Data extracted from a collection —
┏━━

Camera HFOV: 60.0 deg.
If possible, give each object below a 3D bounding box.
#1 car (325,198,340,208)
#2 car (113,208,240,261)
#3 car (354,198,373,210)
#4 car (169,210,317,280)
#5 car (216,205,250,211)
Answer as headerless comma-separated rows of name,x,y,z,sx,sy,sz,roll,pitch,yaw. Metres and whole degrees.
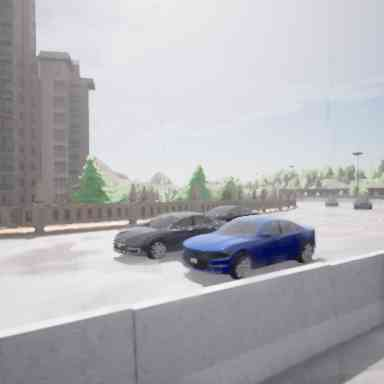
car,23.621,1.826,56.055,1.837,1.490,4.892,0,0,17
car,-0.593,1.553,12.700,4.892,1.490,1.837,0,0,-41
car,23.862,1.580,46.443,2.097,1.767,4.553,-1,-1,23
car,1.931,1.510,10.272,5.008,1.535,1.882,0,0,-41
car,2.071,1.556,19.892,1.882,1.535,5.008,0,0,44
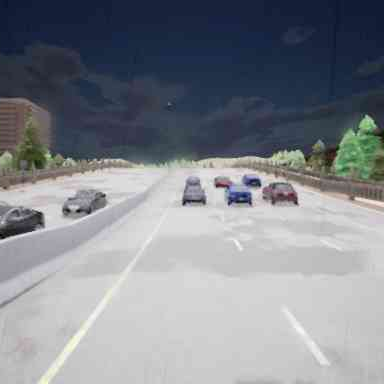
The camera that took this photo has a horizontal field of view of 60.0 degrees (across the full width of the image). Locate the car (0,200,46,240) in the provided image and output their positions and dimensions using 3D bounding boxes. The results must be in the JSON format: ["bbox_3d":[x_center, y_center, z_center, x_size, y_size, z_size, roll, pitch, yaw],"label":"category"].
[{"bbox_3d":[-7.078,1.269,12.081,2.128,1.511,4.902,0,3,0],"label":"car"}]

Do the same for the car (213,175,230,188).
[{"bbox_3d":[3.677,-1.344,40.218,1.994,1.385,4.181,0,7,1],"label":"car"}]

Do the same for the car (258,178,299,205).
[{"bbox_3d":[7.178,-0.061,27.477,2.097,1.767,4.553,0,6,0],"label":"car"}]

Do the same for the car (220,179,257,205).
[{"bbox_3d":[3.676,0.107,27.124,1.882,1.535,5.008,0,6,0],"label":"car"}]

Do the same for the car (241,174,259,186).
[{"bbox_3d":[7.186,-1.509,40.848,1.882,1.535,5.008,0,7,1],"label":"car"}]

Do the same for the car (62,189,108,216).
[{"bbox_3d":[-6.997,0.611,22.150,2.128,1.511,4.902,0,5,1],"label":"car"}]

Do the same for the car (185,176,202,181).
[{"bbox_3d":[0.149,-1.115,38.171,2.033,1.411,5.357,0,7,1],"label":"car"}]

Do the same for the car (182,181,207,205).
[{"bbox_3d":[0.178,0.158,27.477,1.994,1.385,4.181,0,6,0],"label":"car"}]
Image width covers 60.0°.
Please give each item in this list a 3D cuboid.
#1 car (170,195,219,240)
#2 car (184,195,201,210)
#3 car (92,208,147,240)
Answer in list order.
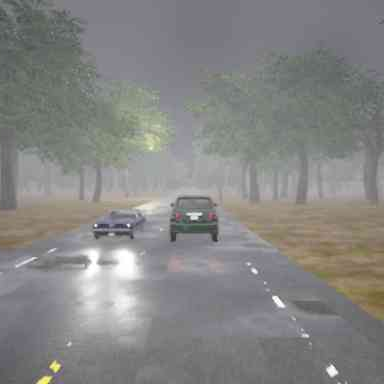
[{"bbox_3d":[0.093,1.133,16.483,2.150,2.045,5.566,0,0,0],"label":"car"},{"bbox_3d":[0.086,1.156,37.903,1.812,1.442,4.674,0,1,0],"label":"car"},{"bbox_3d":[-3.507,1.523,16.726,1.895,1.301,4.718,0,0,0],"label":"car"}]
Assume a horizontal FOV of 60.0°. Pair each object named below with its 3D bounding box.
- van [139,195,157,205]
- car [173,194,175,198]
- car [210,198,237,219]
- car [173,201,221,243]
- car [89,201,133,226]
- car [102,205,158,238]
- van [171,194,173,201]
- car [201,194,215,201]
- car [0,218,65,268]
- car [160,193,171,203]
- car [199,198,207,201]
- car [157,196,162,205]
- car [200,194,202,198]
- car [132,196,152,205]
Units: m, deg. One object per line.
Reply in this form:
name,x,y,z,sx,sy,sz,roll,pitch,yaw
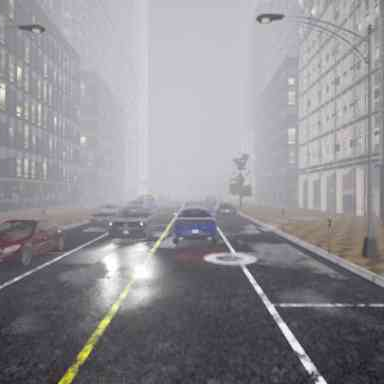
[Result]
van,-5.574,1.237,39.640,1.690,1.788,3.998,0,0,0
car,-5.477,1.359,73.794,1.947,1.339,4.313,0,0,0
car,2.772,1.496,28.219,1.947,1.339,4.313,0,0,0
car,0.143,1.439,15.908,1.882,1.535,5.008,0,0,0
car,-5.625,1.492,22.564,2.008,1.369,4.403,0,0,0
car,-3.045,1.556,17.559,1.895,1.301,4.718,0,0,0
van,-5.492,1.152,68.101,1.690,1.788,3.998,0,0,0
car,2.839,1.307,50.986,1.967,1.590,4.097,0,0,0
car,-5.657,1.552,11.178,1.802,1.307,4.206,0,0,0
car,-5.509,1.268,62.408,1.967,1.590,4.097,0,0,0
car,0.193,1.517,33.232,1.895,1.301,4.718,0,0,0
car,-5.559,1.461,45.333,1.802,1.307,4.206,0,0,0
car,2.871,1.414,62.370,1.802,1.307,4.206,0,0,0
car,-5.592,1.456,33.948,1.887,1.381,4.507,0,0,0
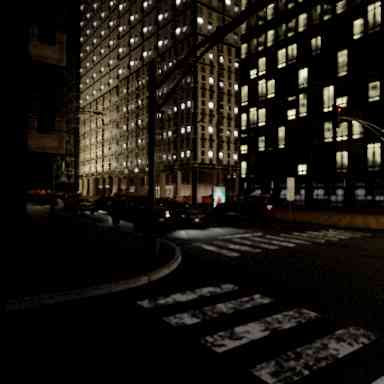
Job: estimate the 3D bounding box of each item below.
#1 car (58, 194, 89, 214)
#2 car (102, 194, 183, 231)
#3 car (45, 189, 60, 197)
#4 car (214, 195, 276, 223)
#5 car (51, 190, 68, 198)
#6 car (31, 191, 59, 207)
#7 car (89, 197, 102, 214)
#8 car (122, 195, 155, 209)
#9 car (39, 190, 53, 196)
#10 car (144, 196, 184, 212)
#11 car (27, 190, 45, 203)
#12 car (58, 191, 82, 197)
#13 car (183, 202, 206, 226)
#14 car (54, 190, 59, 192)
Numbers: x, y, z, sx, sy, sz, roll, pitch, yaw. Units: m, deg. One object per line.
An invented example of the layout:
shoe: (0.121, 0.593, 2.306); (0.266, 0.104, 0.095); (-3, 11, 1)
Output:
car: (-9.547, 1.124, 27.975); (1.802, 1.307, 4.206); (2, 0, -36)
car: (-3.002, 1.065, 19.014); (2.192, 1.841, 5.009); (2, 0, -36)
car: (-28.958, 0.209, 68.820); (1.967, 1.590, 4.097); (2, 0, -36)
car: (3.731, 1.140, 24.001); (2.192, 1.841, 5.009); (2, 0, -36)
car: (-25.693, 0.420, 64.339); (1.887, 1.381, 4.507); (2, 0, -36)
car: (-16.082, 0.883, 36.937); (2.008, 1.369, 4.403); (2, 0, -36)
car: (-6.859, 1.062, 28.664); (1.882, 1.535, 5.008); (1, 1, -36)
car: (-6.083, 1.078, 37.447); (1.947, 1.339, 4.313); (2, 0, -36)
car: (-32.230, 0.207, 73.302); (1.887, 1.381, 4.507); (2, 0, -36)
car: (-2.814, 1.183, 32.965); (1.947, 1.339, 4.313); (2, 0, -36)
car: (-19.350, 0.808, 41.417); (1.802, 1.307, 4.206); (2, 0, -36)
car: (-12.753, 0.887, 36.762); (2.128, 1.511, 4.902); (1, 1, -36)
car: (-1.079, 1.294, 20.738); (1.812, 1.442, 4.674); (1, 1, -36)
car: (-19.822, 0.603, 51.869); (2.128, 1.511, 4.902); (1, 1, -36)
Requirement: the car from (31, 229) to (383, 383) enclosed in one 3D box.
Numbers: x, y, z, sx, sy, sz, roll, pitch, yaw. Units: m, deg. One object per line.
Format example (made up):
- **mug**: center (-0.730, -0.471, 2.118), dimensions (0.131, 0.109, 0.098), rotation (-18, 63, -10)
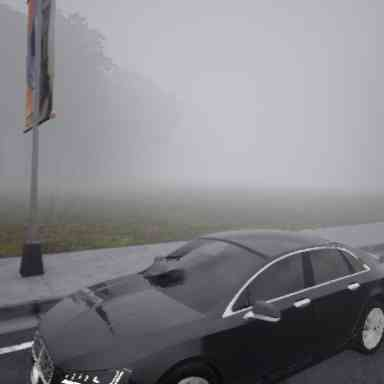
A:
- **car**: center (0.687, 1.300, 4.195), dimensions (4.892, 1.490, 1.837), rotation (0, 4, -34)
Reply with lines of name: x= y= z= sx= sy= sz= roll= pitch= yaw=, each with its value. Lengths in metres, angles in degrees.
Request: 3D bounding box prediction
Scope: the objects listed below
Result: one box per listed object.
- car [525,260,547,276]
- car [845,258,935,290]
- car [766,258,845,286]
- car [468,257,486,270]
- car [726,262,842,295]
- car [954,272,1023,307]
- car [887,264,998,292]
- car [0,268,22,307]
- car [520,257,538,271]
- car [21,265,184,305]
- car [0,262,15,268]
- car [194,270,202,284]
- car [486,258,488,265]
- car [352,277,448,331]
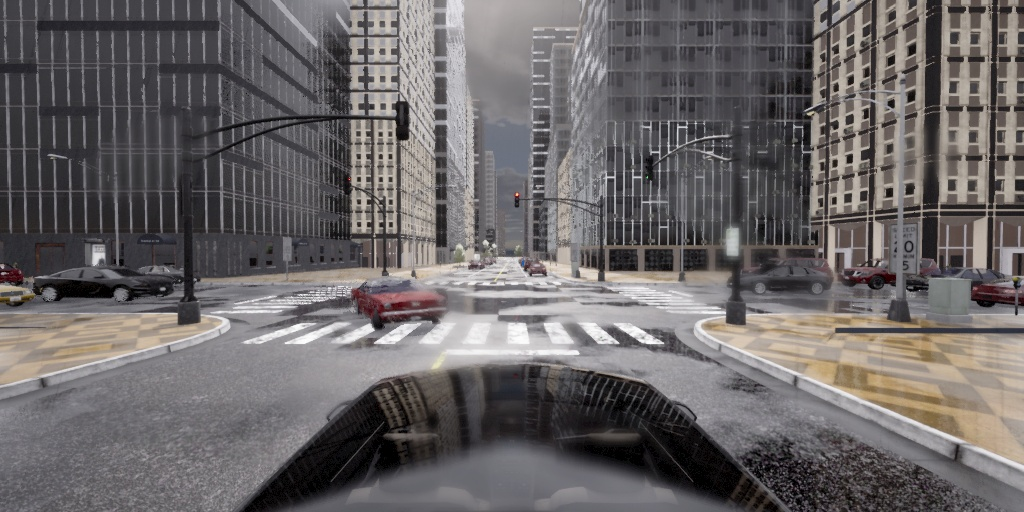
car: x=2.556 y=1.319 z=35.955 sx=1.802 sy=1.307 sz=4.207 roll=0 pitch=0 yaw=0
car: x=22.907 y=1.032 z=21.821 sx=5.009 sy=1.841 sz=2.192 roll=0 pitch=0 yaw=0
car: x=16.575 y=1.024 z=21.811 sx=5.009 sy=1.841 sz=2.192 roll=0 pitch=0 yaw=0
car: x=-5.280 y=1.168 z=52.509 sx=1.967 sy=1.591 sz=4.097 roll=0 pitch=0 yaw=0
car: x=14.185 y=1.250 z=19.189 sx=4.892 sy=1.490 sz=1.837 roll=0 pitch=1 yaw=1
car: x=20.189 y=1.418 z=13.678 sx=4.207 sy=1.307 sz=1.802 roll=0 pitch=0 yaw=0
car: x=24.008 y=1.305 z=19.220 sx=5.357 sy=1.411 sz=2.033 roll=0 pitch=1 yaw=0
car: x=-21.252 y=1.301 z=13.613 sx=4.829 sy=1.417 sz=1.751 roll=0 pitch=0 yaw=0
car: x=2.585 y=1.046 z=47.004 sx=2.192 sy=1.841 sz=5.009 roll=0 pitch=0 yaw=0
car: x=-18.275 y=1.219 z=16.198 sx=5.008 sy=1.535 sz=1.882 roll=0 pitch=1 yaw=0
car: x=-32.551 y=1.077 z=21.662 sx=4.097 sy=1.591 sz=1.967 roll=0 pitch=0 yaw=0
car: x=-21.435 y=1.204 z=21.751 sx=4.403 sy=1.370 sz=2.007 roll=0 pitch=0 yaw=0
car: x=-5.276 y=1.307 z=58.034 sx=1.802 sy=1.307 sz=4.207 roll=0 pitch=0 yaw=0
car: x=-3.706 y=1.349 z=11.328 sx=1.895 sy=1.301 sz=4.718 roll=0 pitch=0 yaw=-33
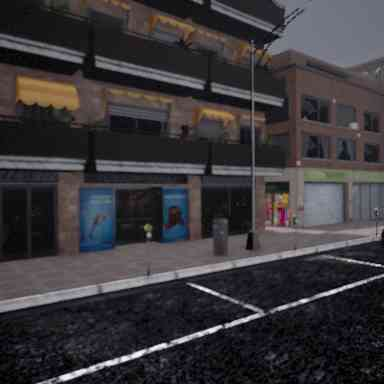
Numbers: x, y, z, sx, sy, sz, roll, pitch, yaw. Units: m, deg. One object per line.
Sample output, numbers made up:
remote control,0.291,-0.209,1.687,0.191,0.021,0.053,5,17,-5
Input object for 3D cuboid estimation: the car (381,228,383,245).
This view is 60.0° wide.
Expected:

┗━━

WORK ORDER —
Transcribe only this stretch of the data: the line with "- car [132,196,152,205]", the line with "#4 car (214, 195, 276, 223)", and every line in between. Leave out the pictures.

SOLUTION TO THE PROBLEM —
- car [132,196,152,205]
Units: m, deg. One object per line.
Reply in this form:
name,x,y,z,sx,sy,sz,roll,pitch,yaw
[Result]
van,-5.574,1.237,39.640,1.690,1.788,3.998,0,0,0
car,-5.477,1.359,73.794,1.947,1.339,4.313,0,0,0
car,2.772,1.496,28.219,1.947,1.339,4.313,0,0,0
car,0.143,1.439,15.908,1.882,1.535,5.008,0,0,0
car,-5.625,1.492,22.564,2.008,1.369,4.403,0,0,0
car,-3.045,1.556,17.559,1.895,1.301,4.718,0,0,0
van,-5.492,1.152,68.101,1.690,1.788,3.998,0,0,0
car,2.839,1.307,50.986,1.967,1.590,4.097,0,0,0
car,-5.657,1.552,11.178,1.802,1.307,4.206,0,0,0
car,-5.509,1.268,62.408,1.967,1.590,4.097,0,0,0
car,0.193,1.517,33.232,1.895,1.301,4.718,0,0,0
car,-5.559,1.461,45.333,1.802,1.307,4.206,0,0,0
car,2.871,1.414,62.370,1.802,1.307,4.206,0,0,0
car,-5.592,1.456,33.948,1.887,1.381,4.507,0,0,0
Job: estimate the 3D bounding box of each item below.
#1 car (58, 194, 89, 214)
#2 car (102, 194, 183, 231)
#3 car (45, 189, 60, 197)
#4 car (214, 195, 276, 223)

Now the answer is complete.